• ABOUT THIS EXERCISE
Word for word, reproduce all entries below, leaving every picture out.

[Opening GIVEN DATA section]

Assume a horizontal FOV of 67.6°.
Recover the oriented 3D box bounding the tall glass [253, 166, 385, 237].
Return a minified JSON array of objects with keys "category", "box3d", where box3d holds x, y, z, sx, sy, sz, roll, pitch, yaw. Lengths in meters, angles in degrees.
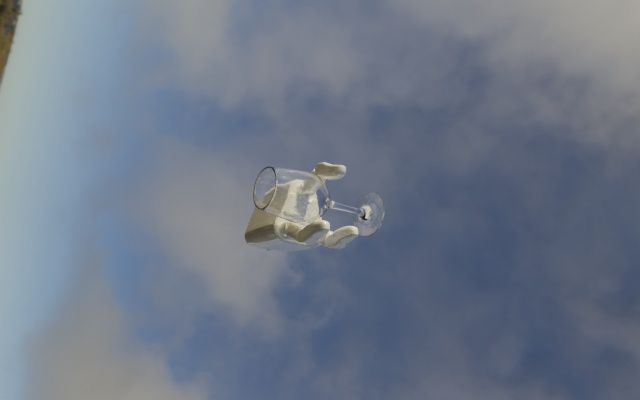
[{"category":"tall glass","box3d":[0.001,0.002,0.722,0.201,0.079,0.079,14,-9,-36]}]
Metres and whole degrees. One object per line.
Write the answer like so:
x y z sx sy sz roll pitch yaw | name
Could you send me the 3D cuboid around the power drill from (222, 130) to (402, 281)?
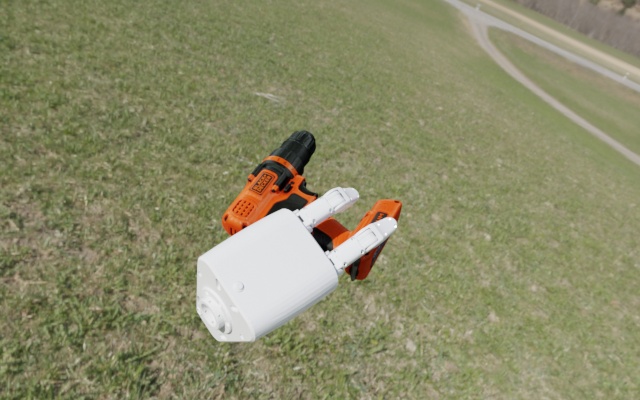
0.000 0.002 0.591 0.187 0.184 0.057 24 -33 16 | power drill
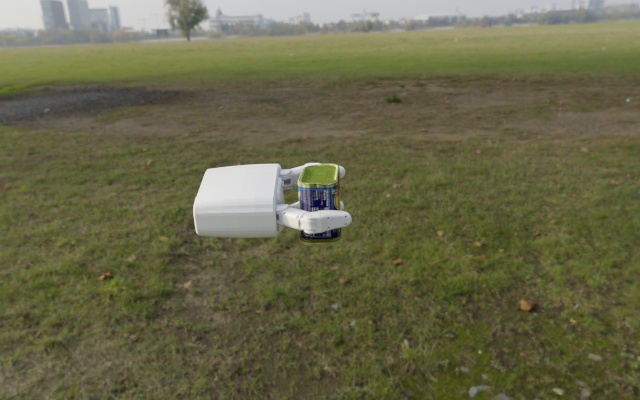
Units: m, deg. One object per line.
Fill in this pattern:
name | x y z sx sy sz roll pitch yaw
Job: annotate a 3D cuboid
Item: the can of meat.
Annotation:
can of meat | 0.000 0.002 0.650 0.057 0.084 0.102 -1 20 4
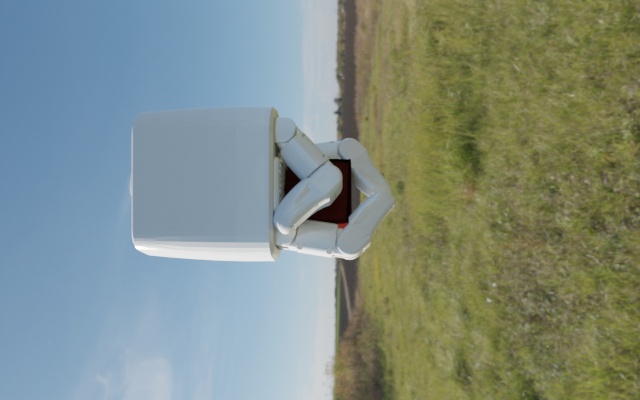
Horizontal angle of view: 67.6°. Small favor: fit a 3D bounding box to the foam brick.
[{"bbox_3d":[0.000,0.002,0.405,0.051,0.053,0.078,0,-17,3],"label":"foam brick"}]
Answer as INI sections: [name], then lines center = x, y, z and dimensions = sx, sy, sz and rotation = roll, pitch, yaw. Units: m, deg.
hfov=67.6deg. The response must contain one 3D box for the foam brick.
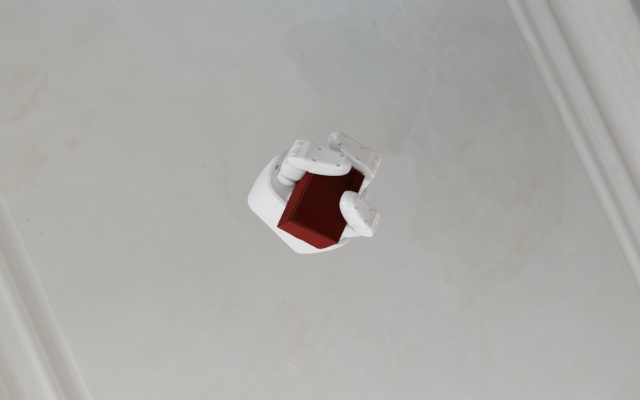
[foam brick]
center = 0.000, 0.002, 0.468
dimensions = 0.053, 0.078, 0.051
rotation = 29, -21, -13
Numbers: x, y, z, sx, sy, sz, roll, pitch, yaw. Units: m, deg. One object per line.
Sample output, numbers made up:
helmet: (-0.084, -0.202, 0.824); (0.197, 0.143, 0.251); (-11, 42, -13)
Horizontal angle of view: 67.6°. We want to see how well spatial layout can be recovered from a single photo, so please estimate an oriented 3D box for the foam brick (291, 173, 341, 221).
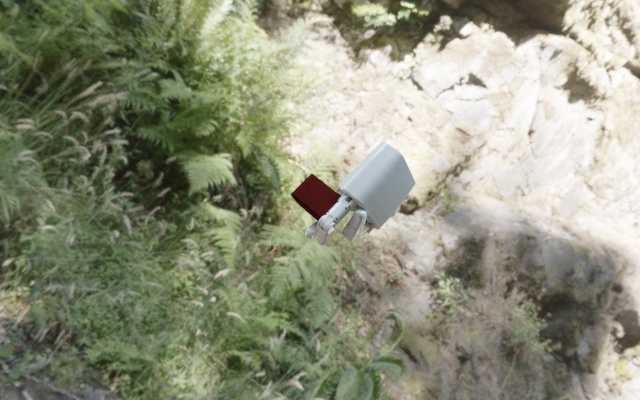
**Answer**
foam brick: (0.000, 0.002, 0.793); (0.078, 0.051, 0.053); (39, -7, 21)
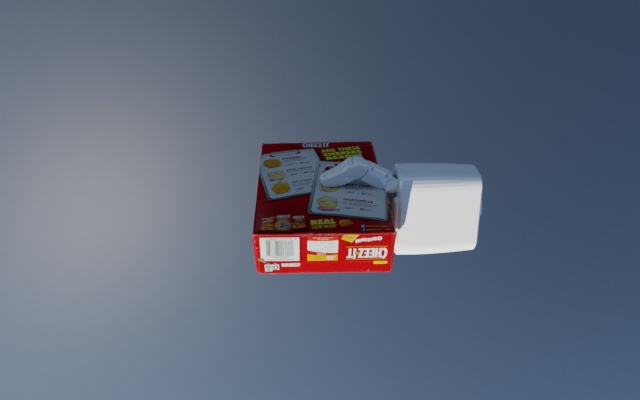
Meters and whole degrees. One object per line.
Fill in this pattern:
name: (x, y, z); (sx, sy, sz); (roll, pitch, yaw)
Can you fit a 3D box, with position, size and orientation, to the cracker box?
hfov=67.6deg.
cracker box: (0.000, 0.002, 0.633); (0.164, 0.072, 0.213); (-1, 35, -3)

[Closing GIVEN DATA section]

• RESULT OF THE TASK
Assume a horizontal FOV of 67.6°.
Recover the oriented 3D box bounding the tall glass [253, 166, 385, 237].
Return a minified JSON array of objects with keys "category", "box3d", where box3d holds x, y, z, sx, sy, sz, roll, pitch, yaw. Lengths in meters, angles in degrees.
[{"category":"tall glass","box3d":[0.001,0.002,0.722,0.201,0.079,0.079,14,-9,-36]}]
Metres and whole degrees. One object per line.
Write the answer like so:
x y z sx sy sz roll pitch yaw | name
Could you send me the 3D cuboid around the power drill from (222, 130) to (402, 281)?
0.000 0.002 0.591 0.187 0.184 0.057 24 -33 16 | power drill
Units: m, deg. One object per line.
Fill in this pattern:
name | x y z sx sy sz roll pitch yaw
Job: annotate a 3D cuboid
Item: the can of meat.
Annotation:
can of meat | 0.000 0.002 0.650 0.057 0.084 0.102 -1 20 4
Horizontal angle of view: 67.6°. Small favor: fit a 3D bounding box to the foam brick.
[{"bbox_3d":[0.000,0.002,0.405,0.051,0.053,0.078,0,-17,3],"label":"foam brick"}]
Answer as INI sections: [name], then lines center = x, y, z and dimensions = sx, sy, sz and rotation = roll, pitch, yaw. Units: m, deg.
hfov=67.6deg. The response must contain one 3D box for the foam brick.
[foam brick]
center = 0.000, 0.002, 0.468
dimensions = 0.053, 0.078, 0.051
rotation = 29, -21, -13
Numbers: x, y, z, sx, sy, sz, roll, pitch, yaw. Units: m, deg. One object per line.
Sample output, numbers made up:
helmet: (-0.084, -0.202, 0.824); (0.197, 0.143, 0.251); (-11, 42, -13)
Horizontal angle of view: 67.6°. We want to see how well spatial layout can be recovered from a single photo, so please estimate an oriented 3D box for the foam brick (291, 173, 341, 221).
**Answer**
foam brick: (0.000, 0.002, 0.793); (0.078, 0.051, 0.053); (39, -7, 21)
Meters and whole degrees. One object per line.
Fill in this pattern:
name: (x, y, z); (sx, sy, sz); (roll, pitch, yaw)
Can you fit a 3D box, with position, size and orientation, to the cracker box?
hfov=67.6deg.
cracker box: (0.000, 0.002, 0.633); (0.164, 0.072, 0.213); (-1, 35, -3)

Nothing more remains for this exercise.